A Lei Cidade Limpa, que foi criada em 2006 pelo ex-prefeito Gilberto Kassab para combater a poluição visual em São Paulo, enfrenta novos desafios com a aprovação de um projeto que pode alterar significativamente suas diretrizes. Na última quarta-feira, 21 de março, a Câmara Municipal aprovou em primeira votação uma proposta que permite a ocupação de até 70% de bens de valor cultural por propagandas, além de flexibilizar as restrições de tamanho e localização de anúncios publicitários.
Consequências da nova proposta
Idealizada pelo vereador Rubinho Nunes (União), a proposta visa transformar áreas-chave da cidade, como a Avenida Paulista e a Santa Efigênia, em uma espécie de “Times Square brasileira”. O texto foi aprovado em uma votação simbólica, que avançou rapidamente, com a oposição expressando resistência em relação às mudanças. Apenas as bancadas do PT e do PSOL, além de alguns vereadores do PSB e do PP, votaram contra.
A evolução da Lei Cidade Limpa
A Lei Cidade Limpa, estabelecida por Kassab, ganhou notoriedade ao remover cerca de 15 mil outdoors de São Paulo, tornando-se um símbolo de respeito à paisagem urbana. Após sua implementação, a lei ajudou Kassab a ser reeleito em 2008, refletindo o apoio popular massivo, tendo em vista que a proposta visava deixar a cidade mais limpa e esteticamente agradável.
No entanto, mudanças têm ocorrido desde a administração do ex-prefeito João Doria, quando, em 2017, foram regulamentados painéis publicitários de até 20 metros quadrados nas Marginais do Tietê e Pinheiros. Recentemente, novos tipos de publicidades, como telões de LED em vitrines, começaram a ser utilizados em desacordo com as restrições anteriores da lei, gerando polêmica sobre a execução e fiscalização das suas diretrizes.
Impactos da flexibilização da legislação
Com a nova proposta, a preocupação entre especialistas em urbanismo aumentou. O professor Valter Caldana, da Universidade Presbiteriana Mackenzie, classifica a Lei Cidade Limpa como uma das maiores conquistas urbanísticas do século, mas alerta que a permissividade na aplicação da lei pode levar à degradação do padrão visual da cidade. “As pequenas infrações estão se acumulando, criando um padrão que poderá ser irreversível,” adverte Caldana.

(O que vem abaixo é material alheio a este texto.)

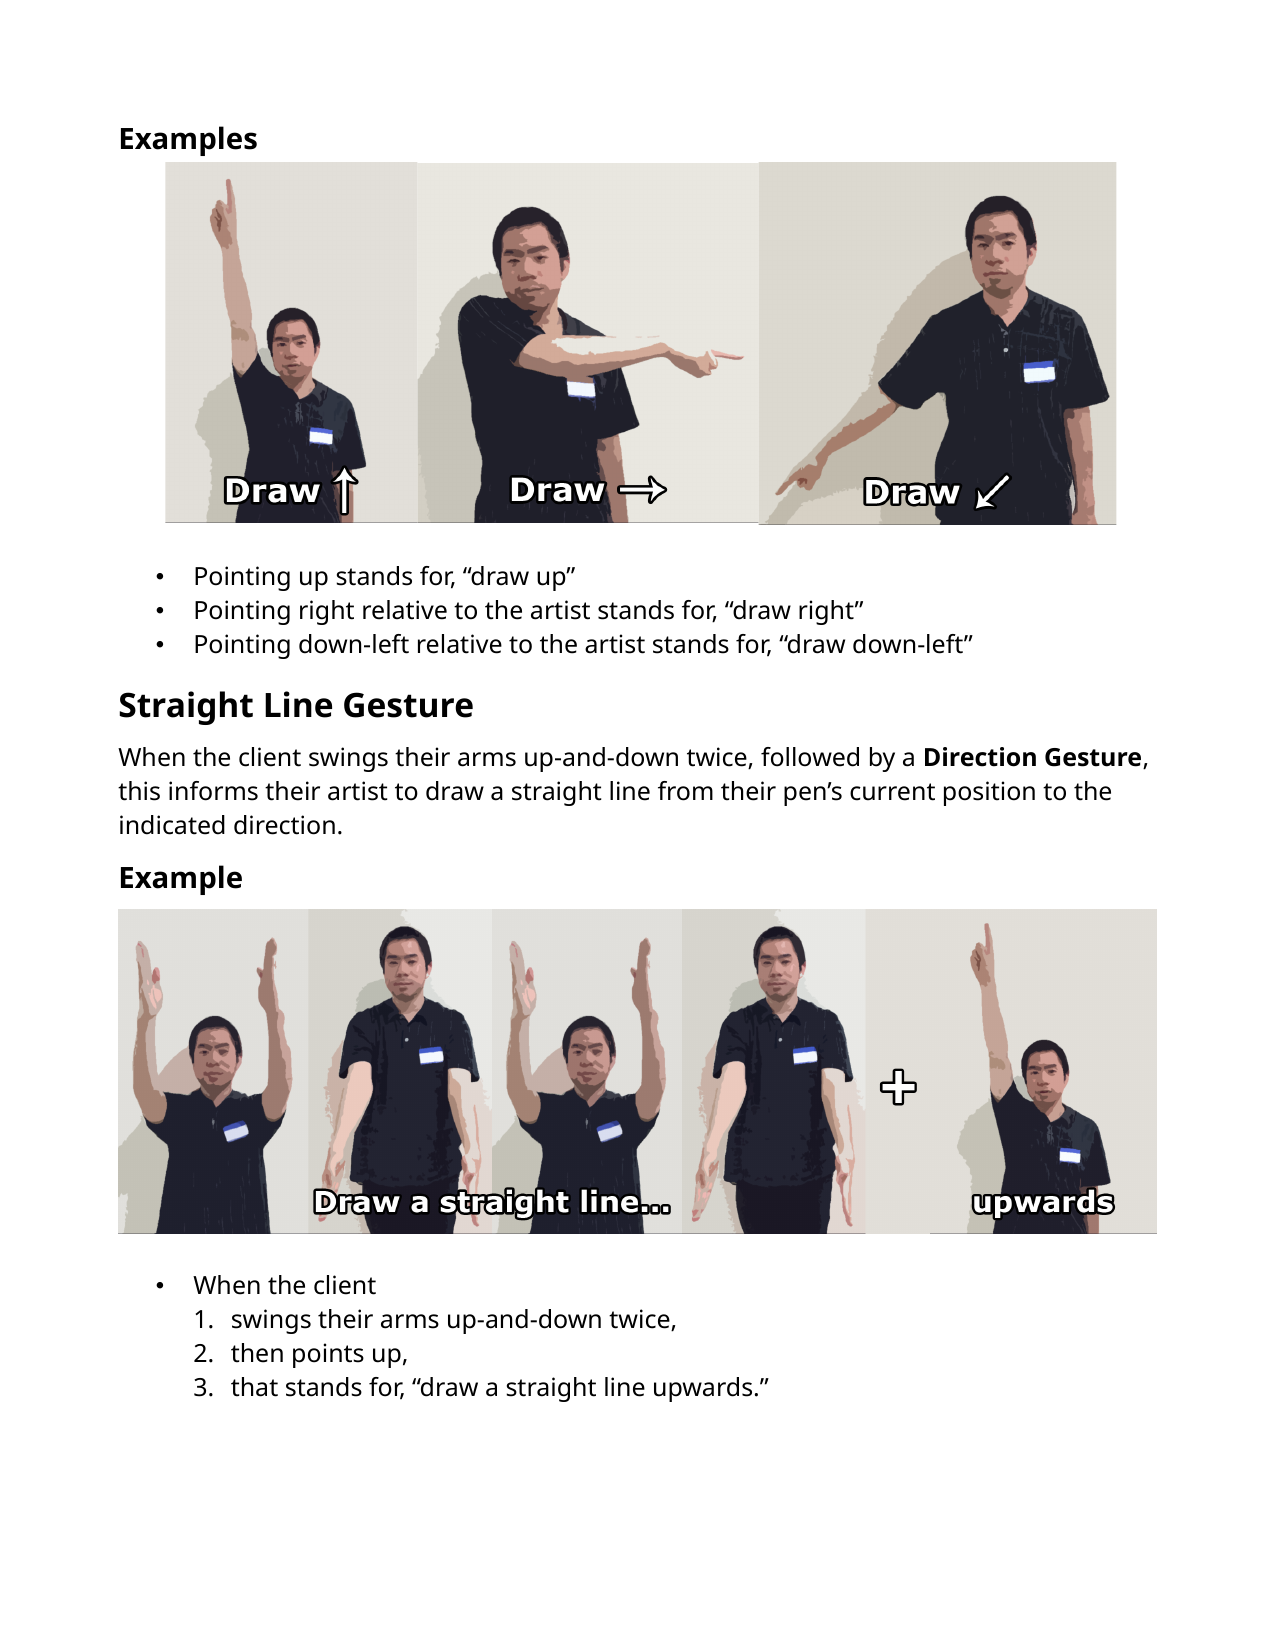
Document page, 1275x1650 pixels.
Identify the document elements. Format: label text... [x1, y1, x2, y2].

No plenário da Câmara, a oposição expressou surpresa com a rapidez da votação. O vereador Nabil Bonduki (PT), arquiteto e urbanista, criticou a aplicação branda da lei que poderia resultar na perda de conquistas urbanísticas. “É preciso uma atualização da legislação para endurecer as regras,” afirmou.
Consultas públicas e próximo passo da proposta
A vereadora Renata Falzoni (PSB) destacou que a opinião pública é essencial para a avaliação do projeto e sugeriu a realização de audiências públicas para debater as mudanças propostas. Enquanto isso, não há um prazo definido para a segunda votação, que é o último passo antes da possível sanção do prefeito Ricardo Nunes.
Além das mudanças no tamanho e na quantidade de publicidade permitida em prédios, a proposta revoga aspectos fundamentais da Lei Cidade Limpa, tal como a proibição de propagandas em áreas de valor cultural. Empresas que antes eram limitadas em tamanho e quantidade de anúncios agora terão mais liberdade, o que pode resultar em uma paisagem urbana drasticamente alterada.
Considerações finais
A Secretaria Municipal das Subprefeituras (SMSUB) informou que entre 2020 e maio de 2025, 1.333 autuações da Lei Cidade Limpa foram realizadas. Apesar de ser aplicada, a fiscalização ainda é alvo de críticas, especialmente pela percepção de que há uma “vista grossa” a pequenas infrações, que podem, com o tempo, se somar a um grande problema. Com um debate acirrado à frente, a comunidade paulistana deverá se mobilizar para influenciar os rumos do que pode ser a reinvenção de um símbolo da cidade.